Concentrates Issue 2017: Rosin

July 06, 2017 | NORTHWEST LEAF

A guide to Rosin tech.


Technology has pushed the extraction of Cannabis forward with expensive machines, exotic solvents and methods requiring more advanced science year after year. But Rosin is a method of Cannabis extraction that uses methods much simpler and cleaner than most solvent processes. Rosin is totally natural and uses only heat and pressure. So get squishing!


You can press Hash using parchment, a MASH bag or another brand micron bag. 

- Gloves
- Forceps
- Scale
- MASH bags
- Parchment
- Dabber for collecting
- And a press



How did you get involved in the Cannabis community and start innovating with these products?

Been working with mesh and shirt supplies for 18 years, and we have worked to provide mesh and screens to hash makers back in 1999. I was doing dry sift hash with tumblers and I would take mesh from the shop and put it around a drum with holes in it and tumble it over a piece of glass. That was my first experience with hash making. I’ve been selling raw mesh to hash makers for as long as I have worked at the company. So then I became friendly with Cannabis processors and would talk in a way where people could trust, as soon as Washington legalized it was a whole different ballgame. It’s like night and day, and now we are in the mainstream providing to pot companies all over the country.

So you’ve been at this for a long time, making and helping others make dry sift and solventless bubble hash. When did Rosin come on the scene for you? 

When BHO became illegal for patients to process in Washington in 2015 we saw a shift from people using basic technology like hair straighteners and modified shirt presses toward commercial extraction of Rosin. We started selling a lot more of our bags that are specifically designed for Rosin then, and started making our own machines and ultimately selling them.

Since that time, Rosin has really taken off nationally, and you guys are at the cutting edge of providing the best bags for squishing the material in, as well as machines for companies to use. Can you tell us about your process?

Early on with hash making with Rosin we realized that regular screen printing meshes weren’t necessarily the best for it, and you might see other Rosin makers using dyed or yellow bags, which yellow mesh is something specific for screen printing, but what we found is that the dyes will leach into the hash, so we only use a dye free bags and threads. The reason we know it is we’ve seen purple threads on bags that turned the oil that color, so dye free is what we go with. We also use only stainless steel in our plates for pressing, which protects the plant matter from metals like aluminum or titanium, and we have quality electronic controls that are safe and easy to use.

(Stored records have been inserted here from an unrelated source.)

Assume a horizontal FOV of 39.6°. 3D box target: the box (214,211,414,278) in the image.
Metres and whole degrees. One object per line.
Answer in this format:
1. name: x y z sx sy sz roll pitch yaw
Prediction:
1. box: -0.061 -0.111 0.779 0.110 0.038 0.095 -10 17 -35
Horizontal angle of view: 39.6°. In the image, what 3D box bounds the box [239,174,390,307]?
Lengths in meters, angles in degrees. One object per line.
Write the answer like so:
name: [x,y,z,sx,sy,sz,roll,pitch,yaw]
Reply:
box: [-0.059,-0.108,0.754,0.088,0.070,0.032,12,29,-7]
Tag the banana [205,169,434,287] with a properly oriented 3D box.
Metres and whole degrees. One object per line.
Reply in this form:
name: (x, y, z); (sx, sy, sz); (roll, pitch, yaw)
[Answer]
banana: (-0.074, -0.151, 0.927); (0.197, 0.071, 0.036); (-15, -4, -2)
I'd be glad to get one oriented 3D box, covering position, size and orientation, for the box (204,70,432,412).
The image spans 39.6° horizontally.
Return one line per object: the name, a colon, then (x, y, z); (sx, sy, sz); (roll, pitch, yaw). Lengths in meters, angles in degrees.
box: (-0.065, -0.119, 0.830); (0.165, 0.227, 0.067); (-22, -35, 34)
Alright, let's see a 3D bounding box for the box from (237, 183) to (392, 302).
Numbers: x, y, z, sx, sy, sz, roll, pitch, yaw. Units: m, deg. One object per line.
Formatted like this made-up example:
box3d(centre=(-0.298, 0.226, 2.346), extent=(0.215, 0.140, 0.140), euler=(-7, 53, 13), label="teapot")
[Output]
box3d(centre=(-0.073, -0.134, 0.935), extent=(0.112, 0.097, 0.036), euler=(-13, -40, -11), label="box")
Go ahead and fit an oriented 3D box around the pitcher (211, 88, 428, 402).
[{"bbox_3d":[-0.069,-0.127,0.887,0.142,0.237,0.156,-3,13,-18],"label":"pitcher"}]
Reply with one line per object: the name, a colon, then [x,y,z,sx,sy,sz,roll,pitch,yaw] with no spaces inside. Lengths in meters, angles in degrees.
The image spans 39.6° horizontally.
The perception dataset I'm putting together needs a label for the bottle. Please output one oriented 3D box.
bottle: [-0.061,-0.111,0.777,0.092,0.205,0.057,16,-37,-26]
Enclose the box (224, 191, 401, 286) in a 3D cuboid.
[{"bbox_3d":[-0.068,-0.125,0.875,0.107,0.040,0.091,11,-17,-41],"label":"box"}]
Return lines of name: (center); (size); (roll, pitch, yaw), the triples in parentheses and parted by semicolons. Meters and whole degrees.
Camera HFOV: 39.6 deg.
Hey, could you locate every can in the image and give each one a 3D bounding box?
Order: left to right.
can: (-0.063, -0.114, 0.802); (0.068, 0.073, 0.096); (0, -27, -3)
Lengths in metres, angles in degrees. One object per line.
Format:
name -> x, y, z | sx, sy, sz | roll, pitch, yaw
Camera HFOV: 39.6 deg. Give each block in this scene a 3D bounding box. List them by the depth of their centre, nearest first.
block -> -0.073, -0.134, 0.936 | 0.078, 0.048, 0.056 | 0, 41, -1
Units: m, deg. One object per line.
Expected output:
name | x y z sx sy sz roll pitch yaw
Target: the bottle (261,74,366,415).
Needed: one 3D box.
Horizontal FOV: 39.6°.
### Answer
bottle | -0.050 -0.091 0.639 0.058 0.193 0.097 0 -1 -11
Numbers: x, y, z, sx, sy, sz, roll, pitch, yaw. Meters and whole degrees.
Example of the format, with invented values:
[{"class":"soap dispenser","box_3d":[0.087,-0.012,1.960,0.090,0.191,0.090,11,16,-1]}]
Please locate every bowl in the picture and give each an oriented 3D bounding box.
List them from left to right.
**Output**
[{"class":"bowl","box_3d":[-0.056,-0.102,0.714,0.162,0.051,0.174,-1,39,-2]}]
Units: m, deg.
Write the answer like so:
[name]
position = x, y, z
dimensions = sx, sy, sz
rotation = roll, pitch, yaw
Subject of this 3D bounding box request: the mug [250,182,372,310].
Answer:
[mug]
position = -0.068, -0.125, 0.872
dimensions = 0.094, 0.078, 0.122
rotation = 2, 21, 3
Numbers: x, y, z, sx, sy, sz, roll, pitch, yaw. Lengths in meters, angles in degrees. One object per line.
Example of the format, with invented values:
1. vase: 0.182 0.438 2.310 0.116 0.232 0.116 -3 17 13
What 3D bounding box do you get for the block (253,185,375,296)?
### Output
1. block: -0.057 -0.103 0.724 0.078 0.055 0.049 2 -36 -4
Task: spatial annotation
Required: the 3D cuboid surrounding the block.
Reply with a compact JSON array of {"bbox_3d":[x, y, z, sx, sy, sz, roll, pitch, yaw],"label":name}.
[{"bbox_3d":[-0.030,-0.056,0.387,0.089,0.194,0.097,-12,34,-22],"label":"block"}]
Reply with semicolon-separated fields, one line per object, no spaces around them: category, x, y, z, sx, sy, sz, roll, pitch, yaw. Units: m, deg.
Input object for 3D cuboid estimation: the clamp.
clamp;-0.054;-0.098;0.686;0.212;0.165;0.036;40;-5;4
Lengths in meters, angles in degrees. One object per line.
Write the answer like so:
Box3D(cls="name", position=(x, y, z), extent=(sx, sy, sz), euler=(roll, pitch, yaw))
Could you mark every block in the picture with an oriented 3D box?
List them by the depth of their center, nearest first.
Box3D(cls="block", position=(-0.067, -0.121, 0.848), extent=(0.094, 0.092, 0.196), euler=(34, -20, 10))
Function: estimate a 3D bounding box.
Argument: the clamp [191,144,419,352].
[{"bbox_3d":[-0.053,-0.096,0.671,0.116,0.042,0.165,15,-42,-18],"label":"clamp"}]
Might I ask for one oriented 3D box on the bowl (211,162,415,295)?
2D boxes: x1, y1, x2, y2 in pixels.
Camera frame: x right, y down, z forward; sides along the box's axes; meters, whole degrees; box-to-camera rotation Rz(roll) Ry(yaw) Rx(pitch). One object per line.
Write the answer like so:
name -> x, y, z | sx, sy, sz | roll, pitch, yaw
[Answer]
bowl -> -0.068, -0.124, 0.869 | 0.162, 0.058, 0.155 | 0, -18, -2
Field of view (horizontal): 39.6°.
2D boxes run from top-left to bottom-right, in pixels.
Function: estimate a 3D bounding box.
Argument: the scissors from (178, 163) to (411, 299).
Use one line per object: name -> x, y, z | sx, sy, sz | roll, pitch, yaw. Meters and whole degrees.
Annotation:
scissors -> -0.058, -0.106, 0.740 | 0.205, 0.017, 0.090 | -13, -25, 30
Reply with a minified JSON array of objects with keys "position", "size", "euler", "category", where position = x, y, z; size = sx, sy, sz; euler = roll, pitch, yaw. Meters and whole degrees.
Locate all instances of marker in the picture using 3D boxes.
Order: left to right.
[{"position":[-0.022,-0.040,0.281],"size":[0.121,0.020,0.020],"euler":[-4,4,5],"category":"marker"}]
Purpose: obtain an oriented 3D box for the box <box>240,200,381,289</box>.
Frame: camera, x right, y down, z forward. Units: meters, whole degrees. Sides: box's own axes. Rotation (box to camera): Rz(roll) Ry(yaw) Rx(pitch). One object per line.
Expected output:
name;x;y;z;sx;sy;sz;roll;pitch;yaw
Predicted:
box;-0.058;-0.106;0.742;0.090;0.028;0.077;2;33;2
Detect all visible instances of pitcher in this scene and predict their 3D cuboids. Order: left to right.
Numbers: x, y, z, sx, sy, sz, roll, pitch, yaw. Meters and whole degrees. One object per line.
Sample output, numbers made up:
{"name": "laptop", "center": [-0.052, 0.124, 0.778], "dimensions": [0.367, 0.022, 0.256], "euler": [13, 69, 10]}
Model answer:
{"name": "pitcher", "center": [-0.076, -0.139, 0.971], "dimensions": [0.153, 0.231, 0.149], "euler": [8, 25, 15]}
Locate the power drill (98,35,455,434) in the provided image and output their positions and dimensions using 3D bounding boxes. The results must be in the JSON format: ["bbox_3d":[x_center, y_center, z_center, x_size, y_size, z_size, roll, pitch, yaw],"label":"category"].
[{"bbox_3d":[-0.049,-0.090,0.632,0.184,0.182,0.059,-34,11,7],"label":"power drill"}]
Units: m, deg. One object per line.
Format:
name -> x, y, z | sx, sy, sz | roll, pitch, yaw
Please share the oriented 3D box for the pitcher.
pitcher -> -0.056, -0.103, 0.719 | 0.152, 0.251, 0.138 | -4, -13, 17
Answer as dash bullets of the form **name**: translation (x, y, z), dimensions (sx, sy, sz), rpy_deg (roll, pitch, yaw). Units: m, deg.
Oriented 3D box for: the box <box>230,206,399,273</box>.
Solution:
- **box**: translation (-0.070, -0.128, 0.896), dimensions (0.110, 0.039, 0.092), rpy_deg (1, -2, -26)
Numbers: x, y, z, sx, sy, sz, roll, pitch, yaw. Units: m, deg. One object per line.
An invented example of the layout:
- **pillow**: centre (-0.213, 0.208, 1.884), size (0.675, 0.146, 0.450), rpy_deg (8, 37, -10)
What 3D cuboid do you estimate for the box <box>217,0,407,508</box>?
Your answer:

What makes MASH different and how do you support your clients? 

We do a lot of training for customers, people can certainly come to our shop for a demo and we will show benefits of our bags and presses, and we can do hands-on at our location or theirs, and we will go to them and train people how to do it, and we often leave the press there because they buy it! We want our customers to be as successful as possible, and really go the extra mile to give the support and education needed!

Where do you see the rosin market heading in the future? 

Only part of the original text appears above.